Myelosuppression Due to the Use of Azathioprine and COVID Infection and Severe Acute Colitis in a Patient With Ulcerative Colitis: Case Report
AIBD 2023
Female patient, 28 years old, diagnosed with ulcerative colitis 3 years ago, being treated with mesalazine 3.2g/day. She reports worsening of the condition with bloody mucous diarrhea, and azathioprine 150 mg/day was introduced without improvement. After 2 months, he presented Covid with the need for hospitalization in isolation. There was a worsening of the intestinal symptoms compatible with severe acute colitis and she was treated with hydrocortisone and later infliximab, as rescue therapy. The patient evolved with pancytopenia and fever, being treated as febrile neutropenic with the use of meropenem, fluconazole and vancomycin. Bone marrow puncture revealed myelosuppression probably due to the use of azathioprine and Covid infection. There was bone marrow recovery with suspension of azathioprine and use of filgrastim. After 2 weeks of hospitalization in an intensive care unit, the patient evolved with frank enterorrhagia and hemodynamic instability and a total colectomy with end ileostomy was performed in the emergency. Azathioprine is an immunomodulator generally used to maintain disease remission in steroid-dependent patients or for cases in which therapeutic doses of aminosalicytes have failed to control the disease.

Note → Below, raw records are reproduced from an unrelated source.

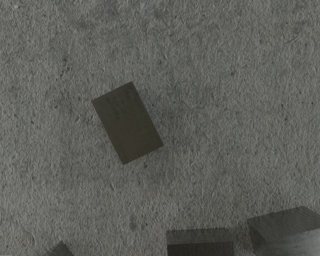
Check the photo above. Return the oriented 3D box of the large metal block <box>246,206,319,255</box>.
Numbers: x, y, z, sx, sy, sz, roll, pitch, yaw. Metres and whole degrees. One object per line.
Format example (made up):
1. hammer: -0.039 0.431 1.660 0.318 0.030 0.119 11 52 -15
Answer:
1. large metal block: 0.163 0.140 0.384 0.080 0.080 0.050 -13 90 0

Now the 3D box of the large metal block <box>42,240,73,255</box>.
1. large metal block: -0.141 0.209 0.396 0.080 0.050 0.080 -38 90 0

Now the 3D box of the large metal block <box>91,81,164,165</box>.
1. large metal block: -0.036 -0.006 0.382 0.050 0.080 0.080 -26 90 0

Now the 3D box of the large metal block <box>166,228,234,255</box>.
1. large metal block: 0.051 0.178 0.398 0.081 0.050 0.080 -3 90 0
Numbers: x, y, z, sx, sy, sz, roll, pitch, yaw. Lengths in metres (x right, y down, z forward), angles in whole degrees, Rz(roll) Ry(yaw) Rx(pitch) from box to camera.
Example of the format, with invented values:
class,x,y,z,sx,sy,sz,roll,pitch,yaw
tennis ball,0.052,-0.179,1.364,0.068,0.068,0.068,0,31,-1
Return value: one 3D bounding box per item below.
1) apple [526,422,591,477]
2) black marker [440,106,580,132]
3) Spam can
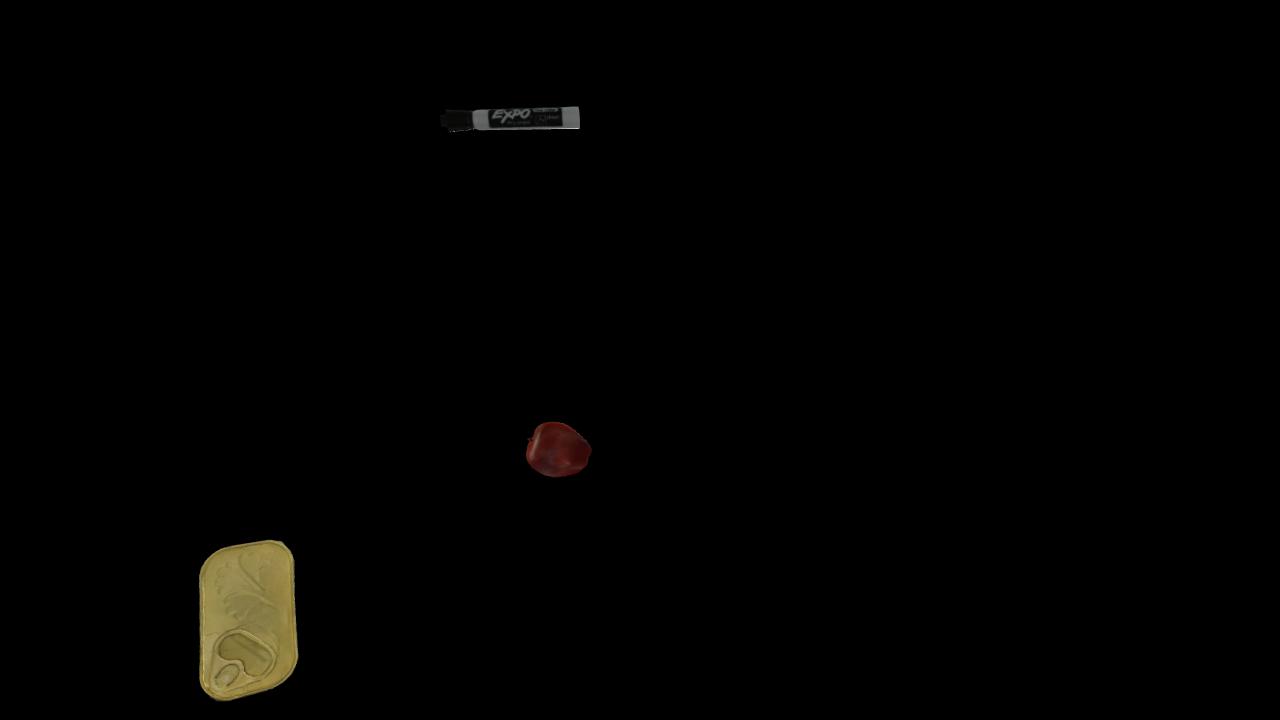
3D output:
class,x,y,z,sx,sy,sz,roll,pitch,yaw
apple,-0.119,0.130,0.884,0.093,0.079,0.079,22,-7,-18
black marker,-0.114,-0.212,0.543,0.121,0.020,0.020,-4,0,-6
Spam can,-0.294,0.194,0.463,0.058,0.101,0.085,-1,-20,-32
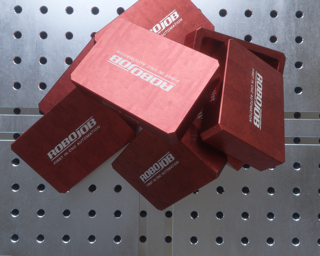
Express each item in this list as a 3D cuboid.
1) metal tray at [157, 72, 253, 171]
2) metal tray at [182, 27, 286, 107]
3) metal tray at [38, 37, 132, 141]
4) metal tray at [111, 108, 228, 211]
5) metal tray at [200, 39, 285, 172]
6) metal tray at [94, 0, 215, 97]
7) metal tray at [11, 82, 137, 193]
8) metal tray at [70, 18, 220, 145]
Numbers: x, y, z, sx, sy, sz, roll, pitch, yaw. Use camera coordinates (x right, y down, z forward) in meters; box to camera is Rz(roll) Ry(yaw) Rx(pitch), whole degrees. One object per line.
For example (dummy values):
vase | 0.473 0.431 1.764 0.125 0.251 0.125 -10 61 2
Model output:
metal tray | 0.050 -0.008 0.382 0.130 0.090 0.030 44 91 1
metal tray | 0.090 -0.063 0.389 0.131 0.030 0.090 10 90 -20
metal tray | -0.082 -0.049 0.410 0.090 0.030 0.130 39 90 0
metal tray | 0.005 0.041 0.367 0.090 0.129 0.030 43 48 -1
metal tray | 0.097 -0.028 0.348 0.090 0.030 0.130 28 54 -20
metal tray | -0.006 -0.114 0.392 0.130 0.030 0.090 -43 92 -14
metal tray | -0.105 0.011 0.388 0.130 0.030 0.090 -38 106 11
metal tray | -0.015 -0.052 0.323 0.130 0.030 0.090 29 75 19
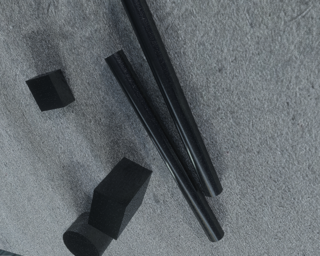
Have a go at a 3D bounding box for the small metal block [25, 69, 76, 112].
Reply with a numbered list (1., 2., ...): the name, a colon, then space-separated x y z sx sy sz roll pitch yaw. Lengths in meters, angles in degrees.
1. small metal block: -0.161 -0.055 0.455 0.050 0.025 0.050 -7 115 31

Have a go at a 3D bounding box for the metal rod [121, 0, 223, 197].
1. metal rod: 0.015 -0.043 0.371 0.025 0.025 0.299 -12 113 33

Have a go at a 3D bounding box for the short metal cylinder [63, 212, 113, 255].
1. short metal cylinder: -0.135 0.207 0.588 0.080 0.050 0.079 13 124 20

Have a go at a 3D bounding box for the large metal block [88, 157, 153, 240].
1. large metal block: -0.060 0.105 0.466 0.050 0.080 0.079 26 128 11

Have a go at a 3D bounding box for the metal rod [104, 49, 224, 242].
1. metal rod: 0.013 0.035 0.419 0.025 0.025 0.299 -18 109 35
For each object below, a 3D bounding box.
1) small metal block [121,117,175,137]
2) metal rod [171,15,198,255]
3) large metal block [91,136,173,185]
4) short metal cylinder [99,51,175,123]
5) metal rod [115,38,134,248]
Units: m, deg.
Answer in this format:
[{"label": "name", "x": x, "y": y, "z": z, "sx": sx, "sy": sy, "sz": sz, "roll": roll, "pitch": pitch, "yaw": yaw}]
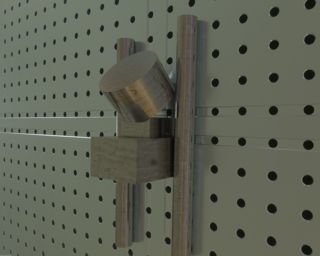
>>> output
[{"label": "small metal block", "x": -0.016, "y": -0.001, "z": 0.406, "sx": 0.050, "sy": 0.050, "sz": 0.025, "roll": 2, "pitch": 92, "yaw": 39}, {"label": "metal rod", "x": 0.030, "y": 0.013, "z": 0.384, "sx": 0.025, "sy": 0.025, "sz": 0.298, "roll": 2, "pitch": 92, "yaw": 40}, {"label": "large metal block", "x": -0.031, "y": 0.036, "z": 0.396, "sx": 0.080, "sy": 0.081, "sz": 0.050, "roll": 1, "pitch": 91, "yaw": 40}, {"label": "short metal cylinder", "x": -0.028, "y": -0.052, "z": 0.388, "sx": 0.080, "sy": 0.050, "sz": 0.080, "roll": -21, "pitch": 36, "yaw": 16}, {"label": "metal rod", "x": -0.051, "y": 0.021, "z": 0.452, "sx": 0.025, "sy": 0.025, "sz": 0.298, "roll": 1, "pitch": 91, "yaw": 40}]
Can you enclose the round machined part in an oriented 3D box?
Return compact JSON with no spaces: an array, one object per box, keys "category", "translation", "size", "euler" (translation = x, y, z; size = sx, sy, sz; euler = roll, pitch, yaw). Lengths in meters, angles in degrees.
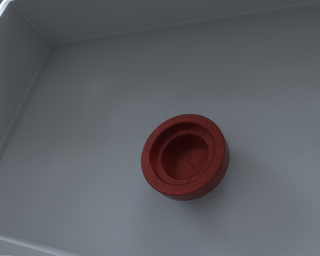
[{"category":"round machined part","translation":[0.032,0.036,0.355],"size":[0.098,0.042,0.098],"euler":[-13,56,20]}]
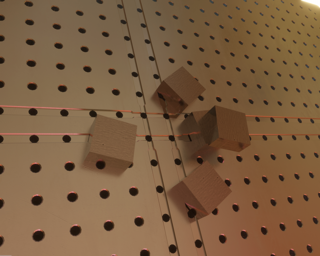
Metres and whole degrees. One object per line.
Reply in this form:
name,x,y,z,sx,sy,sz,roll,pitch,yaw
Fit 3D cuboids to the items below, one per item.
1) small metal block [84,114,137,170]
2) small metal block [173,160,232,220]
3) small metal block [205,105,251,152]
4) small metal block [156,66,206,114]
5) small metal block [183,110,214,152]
small metal block,-0.057,0.017,0.367,0.050,0.025,0.050,16,55,-19
small metal block,0.054,0.077,0.389,0.050,0.025,0.050,-32,80,-38
small metal block,0.092,0.001,0.424,0.050,0.025,0.050,13,57,-21
small metal block,0.032,-0.057,0.459,0.050,0.025,0.050,45,51,3
small metal block,0.069,0.002,0.443,0.050,0.025,0.050,-8,66,-31

This class of drugs inhibits cell growth that is related to the inflammation process and the synthesis of nucleic acids. Thus, well-characterized adverse effects may occur, such as opportunistic infections, pancreatitis, hepatotoxicity, myelosuppression and malignancy. With regard to medullary toxicity, its occurrence is greater in the first 8 weeks of its use, occurring in 2 - 7% of patients with IBD treated with azathioprine. The present report draws attention to the myelosuppression that can occur as a serious side effect associated with the use of azathioprine. It is important to monitor patients who start using azathioprine with blood count and biochemical tests for the diagnosis of adverse events. The pharmacological management of ulcerative colitis should be based on the pillars of targeted therapy, on risk predictors, on the clinic presented by the patient, on laboratory and imaging tests. When there is a delay in deciding on top-down therapy, the outcome may be unfavorable, as in the case presented here. It highlights the rare presentation of myelosuppression by azathioprine and questions the role of COVID in the outcome of inflammatory disease and in the synergism of bone marrow inhibition.